フランス代表へ「ありがとう」、国民がこれほどまでに代表を愛したいくつかの理由

SOCCER KING 7月15日(金)18時35分配信

 月曜日の朝、フランス人の多くが、改めて悲しい現実をつきつけられた。前夜の出来事は、決して悪夢ではなかった。テレビでは、フランス代表の決勝敗退が、繰り返し語られていた。全国のあらゆる新聞は、一面に、悲鳴のような大見出しをつけた。

「打ちのめされた者たち」(全国スポーツ日刊紙『レキップ』)
「あまりに残酷な」(南部地方紙『デペッシュ・デュ・ミディ紙)
「夢破れて」(北部地方紙『ヴォワ・デュ・ノール』)
「心が砕け散った」(南西部地方紙『シュド・ウェスト』)
「青い夢は飛び去った」(東部地方紙『クリエ・ド・ルェスト』)
「なんという失望か」(北中部地方紙『クリエ・ピカール』)
「まるで青あざのように」(全国日刊紙『リベラシオン』)

 ただ、ひとつだけ、こんな見出しも。
「このひと時を、ありがとう」(全国日刊紙『リュマニテ』)

 そしてこれが、フランス国民の、ほぼ総意に違いなかった。
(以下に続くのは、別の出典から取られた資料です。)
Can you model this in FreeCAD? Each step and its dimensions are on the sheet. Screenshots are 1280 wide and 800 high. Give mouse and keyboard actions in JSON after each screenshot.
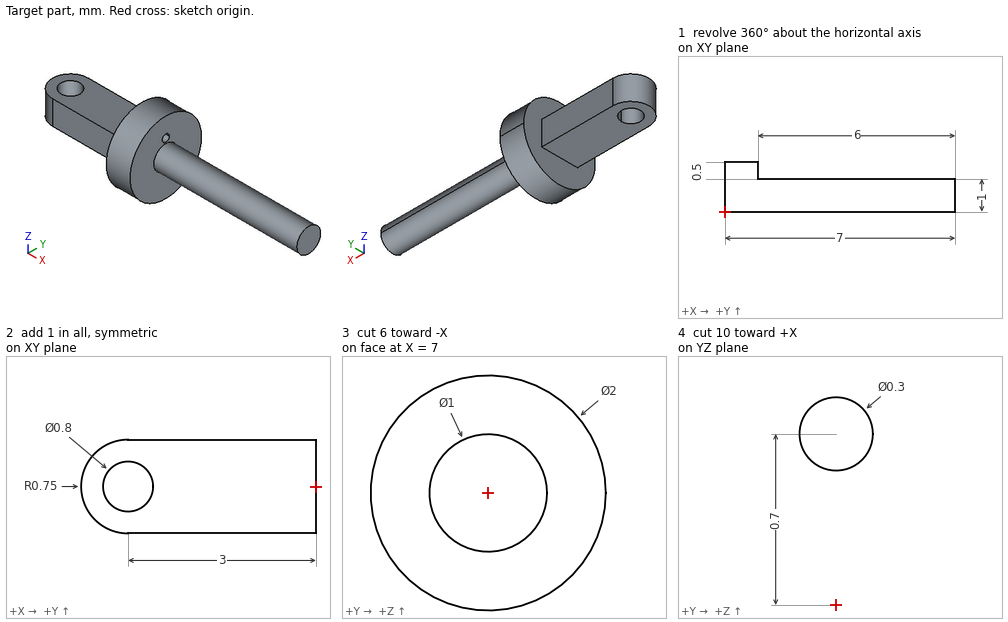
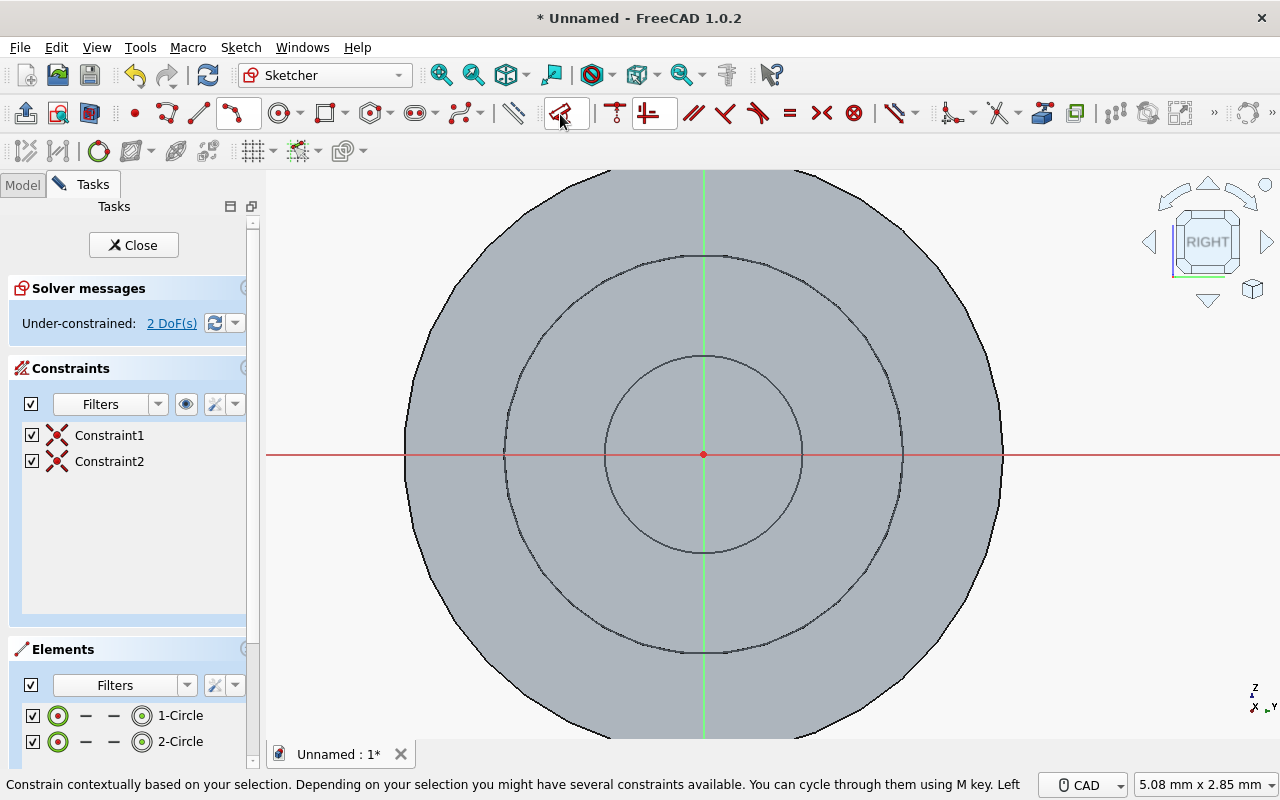
{"action": "left_click", "coordinate": [844, 313]}
{"action": "left_click", "coordinate": [867, 290]}

決勝の翌日、フランス代表の選手・スタッフ全員を官邸に招待した際に、共和国大統領フランソワ・オランドは国民を代表してこんな言葉を告げた。

「君たちは賜杯を持ち帰ることはできなかったが、我々の心を勝ち取った。これは値段がつけられないほど、価値あることである。本当にありがとう」

 官邸裏口で出待ちをしていた何百人もの熱心なファンたちも、ひっそりと走り去るミニバンに向かって、惜しみない拍手とともに、こんな声援を飛ばした。

「ありがとう、レ・ブルー!」

 誰もが悲しみに打ちひしがれていたけれど、そこに怒りの感情はなかった。2006年ワールドカップ決勝敗戦後は、フランス国内に批判の嵐が吹き荒れたものだ。2010年W杯では、練習「ストライキ」のいざこざの果てにグループリーグ敗退となり、国民は怒りを通り越して選手たちに憎しみを抱いた。ただし、今回のフランスは、むしろ感謝の気持ちでいっぱいだ。
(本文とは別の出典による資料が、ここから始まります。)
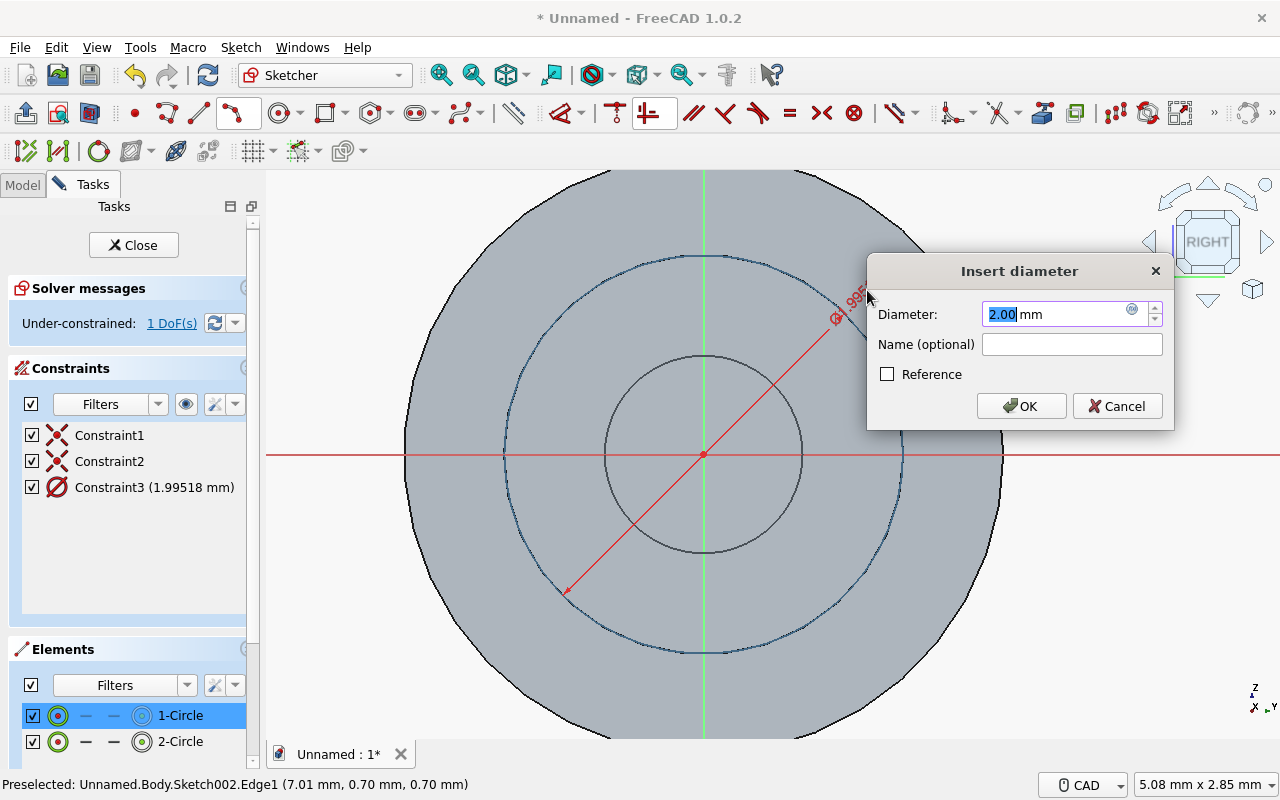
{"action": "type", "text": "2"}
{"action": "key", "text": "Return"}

 フランスがこれほど代表を愛したのには、複数の理由が考えられている。やはり一番は、複数のテロで痛めつけられた国民の心に、明るい話題を振りまいてくれたこと。また1998年・2000年の栄光の時代を築いたフランス代表が、「ブラック・ブラン・ブール(黒・白・茶)」と呼ばれ、なんとなく政治的に利用されてしまったのに対して、今回の代表は純粋なスポーツチームとして扱われてきたこと。2010年大会以降失った信頼を取り戻すため、代表が「全国巡業」を熱心に行ってきたこと。パリや大都市だけでなく、小さな都市でも試合を行うことで、フランスの隅々まで「われらの代表」という意識が根付いたと言われている。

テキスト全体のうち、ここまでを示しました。